Tang Yi-Quan, Zhou Jing-Heng, Yang Fan, Zheng Jie, Wang KeWei
Department of Molecular and Cellular Pharmacology, State Key Laboratory of Natural and Biomimetic Drugs, Peking University School of Pharmaceutical Sciences, Beijing, China.
Department of Physiology and Membrane Biology, University of California School of Medicine, Davis, California.
Biophys J. 2014 Sep 2;107(5):1090-1104. doi: 10.1016/j.bpj.2014.07.038.
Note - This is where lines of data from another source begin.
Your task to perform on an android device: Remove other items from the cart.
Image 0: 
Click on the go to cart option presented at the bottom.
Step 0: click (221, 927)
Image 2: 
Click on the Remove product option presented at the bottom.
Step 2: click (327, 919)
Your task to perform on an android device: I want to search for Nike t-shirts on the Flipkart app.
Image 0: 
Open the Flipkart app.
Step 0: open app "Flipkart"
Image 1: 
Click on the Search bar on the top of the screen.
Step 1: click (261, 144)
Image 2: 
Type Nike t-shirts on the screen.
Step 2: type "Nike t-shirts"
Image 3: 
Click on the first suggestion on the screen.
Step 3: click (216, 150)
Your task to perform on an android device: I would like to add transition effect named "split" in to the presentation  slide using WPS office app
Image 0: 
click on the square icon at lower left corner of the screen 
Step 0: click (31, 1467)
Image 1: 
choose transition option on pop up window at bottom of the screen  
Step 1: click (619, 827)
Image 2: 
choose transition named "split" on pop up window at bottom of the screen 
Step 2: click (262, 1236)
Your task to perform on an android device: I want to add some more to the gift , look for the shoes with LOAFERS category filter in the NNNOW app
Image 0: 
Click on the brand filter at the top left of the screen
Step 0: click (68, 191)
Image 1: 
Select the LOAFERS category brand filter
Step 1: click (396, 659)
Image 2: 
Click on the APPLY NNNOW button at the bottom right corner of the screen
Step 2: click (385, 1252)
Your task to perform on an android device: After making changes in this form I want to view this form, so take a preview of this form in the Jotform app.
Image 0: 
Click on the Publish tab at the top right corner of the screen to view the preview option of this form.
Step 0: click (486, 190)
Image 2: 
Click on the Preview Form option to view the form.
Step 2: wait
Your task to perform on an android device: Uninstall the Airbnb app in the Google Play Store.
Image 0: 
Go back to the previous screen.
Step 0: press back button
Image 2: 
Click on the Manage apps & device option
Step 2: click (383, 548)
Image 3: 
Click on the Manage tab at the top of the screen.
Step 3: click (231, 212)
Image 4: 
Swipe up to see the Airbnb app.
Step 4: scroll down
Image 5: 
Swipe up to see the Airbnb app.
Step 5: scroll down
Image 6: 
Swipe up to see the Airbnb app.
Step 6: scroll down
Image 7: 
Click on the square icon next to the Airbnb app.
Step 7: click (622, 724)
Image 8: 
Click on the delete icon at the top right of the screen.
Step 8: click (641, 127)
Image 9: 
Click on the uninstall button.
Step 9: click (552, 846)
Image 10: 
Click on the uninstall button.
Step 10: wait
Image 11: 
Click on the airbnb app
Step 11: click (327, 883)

A-type Kv4 potassium channels undergo a conformational change toward a nonconductive state at negative membrane potentials, a dynamic process known as pre-open closed states or closed-state inactivation (CSI). CSI causes inhibition of channel activity without the prerequisite of channel opening, thus providing a dynamic regulation of neuronal excitability, dendritic signal integration, and synaptic plasticity at resting. However, the structural determinants underlying Kv4 CSI remain largely unknown. We recently showed that the auxiliary KChIP4a subunit contains an N-terminal Kv4 inhibitory domain (KID) that directly interacts with Kv4.3 channels to enhance CSI. In this study, we utilized the KChIP4a KID to probe key structural elements underlying Kv4 CSI. Using fluorescence resonance energy transfer two-hybrid mapping and bimolecular fluorescence complementation-based screening combined with electrophysiology, we identified the intracellular tetramerization (T1) domain that functions to suppress CSI and serves as a receptor for the binding of KID. Disrupting the Kv4.3 T1-T1 interaction interface by mutating C110A within the C3H1 motif of T1 domain facilitated CSI and ablated the KID-mediated enhancement of CSI. Furthermore, replacing the Kv4.3 T1 domain with the T1 domain from Kv1.4 (without the C3H1 motif) or Kv2.1 (with the C3H1 motif) resulted in channels functioning with enhanced or suppressed CSI, respectively. Taken together, our findings reveal a novel (to our knowledge) role of the T1 domain in suppressing Kv4 CSI, and that KChIP4a KID directly interacts with the T1 domain to facilitate Kv4.3 CSI, thus leading to inhibition of channel function.
A 型 Kv4 钾通道在负膜电位下会向非传导状态发生构象变化,这是一个被称为预开放关闭状态或关闭状态失活(CSI)的动态过程。CSI 导致通道活性受到抑制,而无需通道开放的前提条件,从而在静息时对神经元兴奋性、树突信号整合和突触可塑性提供动态调节。然而,Kv4 CSI 背后的结构决定因素在很大程度上仍然未知。我们最近表明,辅助性 KChIP4a 亚基包含一个 N 端 Kv4 抑制结构域(KID),它直接与 Kv4.3 通道相互作用以增强 CSI。在本研究中,我们利用 KChIP4a KID 来探究 Kv4 CSI 背后的关键结构元件。通过荧光共振能量转移双杂交图谱和基于双分子荧光互补的筛选结合电生理学方法,我们确定了细胞内四聚化(T1)结构域,其功能是抑制 CSI,并作为 KID 结合的受体。通过突变 T1 结构域 C3H1 基序内的 C110A 破坏 Kv4.3 T1-T1 相互作用界面,促进了 CSI,并消除了 KID 介导的 CSI 增强作用。此外,用 Kv1.4(没有 C3H1 基序)或 Kv2.1(有 C3H1 基序)的 T1 结构域替换 Kv4.3 T1 结构域,分别导致通道在增强或抑制的 CSI 下发挥作用。综上所述,我们的研究结果揭示了 T1 结构域在抑制 Kv4 CSI 方面的一个新(据我们所知)作用,并且 KChIP4a KID 直接与 T1 结构域相互作用以促进 Kv4.3 CSI,从而导致通道功能受到抑制。